● **Required work**:
Please, from the entries below, transcribe exactly the lines that begin at the line with "from meerk40t import main" and end at the line with "Convert chart to", without the pictures.

+++++

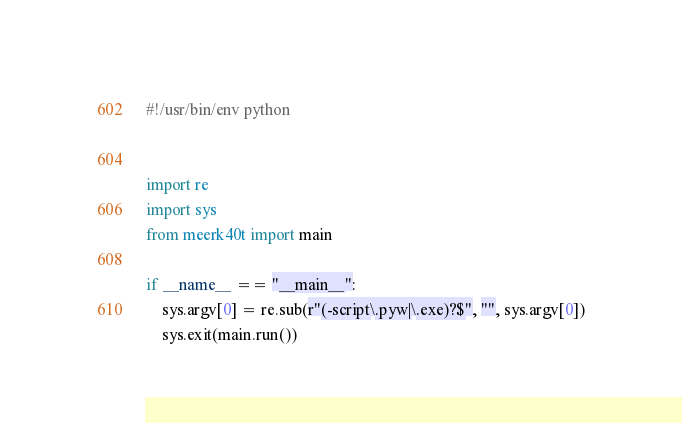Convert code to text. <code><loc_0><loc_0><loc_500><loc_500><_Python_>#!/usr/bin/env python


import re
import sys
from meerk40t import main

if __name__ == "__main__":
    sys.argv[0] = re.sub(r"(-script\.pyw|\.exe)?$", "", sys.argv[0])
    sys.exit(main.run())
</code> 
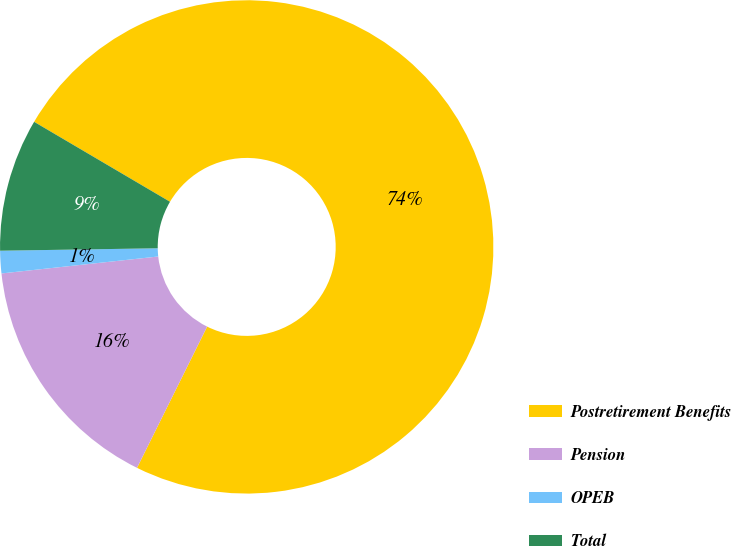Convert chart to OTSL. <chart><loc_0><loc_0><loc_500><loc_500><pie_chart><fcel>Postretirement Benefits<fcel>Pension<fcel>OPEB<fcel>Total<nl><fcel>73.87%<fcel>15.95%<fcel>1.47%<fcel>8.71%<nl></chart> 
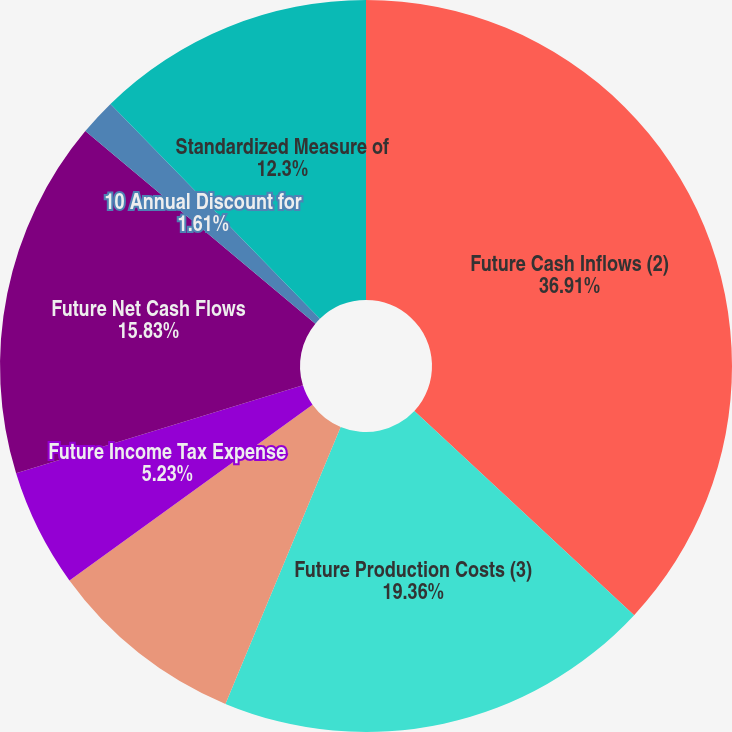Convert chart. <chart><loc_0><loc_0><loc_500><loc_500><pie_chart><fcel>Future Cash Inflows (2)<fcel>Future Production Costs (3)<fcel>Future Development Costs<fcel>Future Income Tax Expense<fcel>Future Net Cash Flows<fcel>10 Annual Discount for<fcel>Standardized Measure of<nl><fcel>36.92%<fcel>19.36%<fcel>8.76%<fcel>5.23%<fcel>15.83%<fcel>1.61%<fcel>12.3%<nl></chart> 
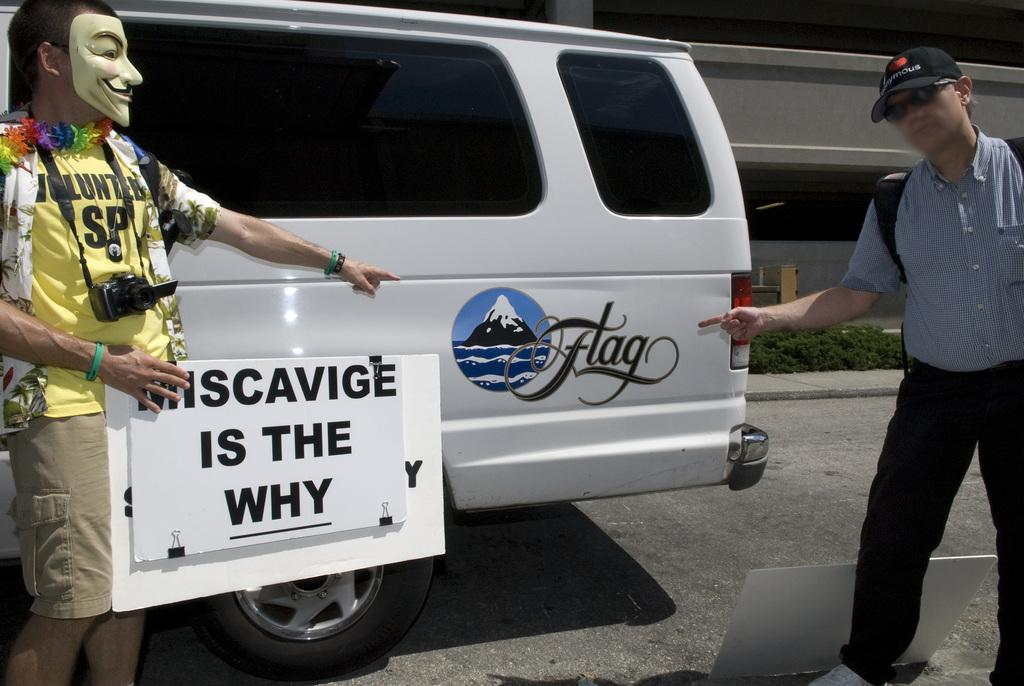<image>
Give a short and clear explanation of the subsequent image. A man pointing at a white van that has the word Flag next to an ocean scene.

+++++

● **Completed exercise**:
from meerk40t import main

if __name__ == "__main__":
    sys.argv[0] = re.sub(r"(-script\.pyw|\.exe)?$", "", sys.argv[0])
    sys.exit(main.run())
</code> 
Convert chart to OTSL. <chart><loc_0><loc_0><loc_500><loc_500><pie_chart><fcel>Postretirement Benefits<fcel>Pension<fcel>OPEB<fcel>Total<nl><fcel>73.87%<fcel>15.95%<fcel>1.47%<fcel>8.71%<nl></chart> 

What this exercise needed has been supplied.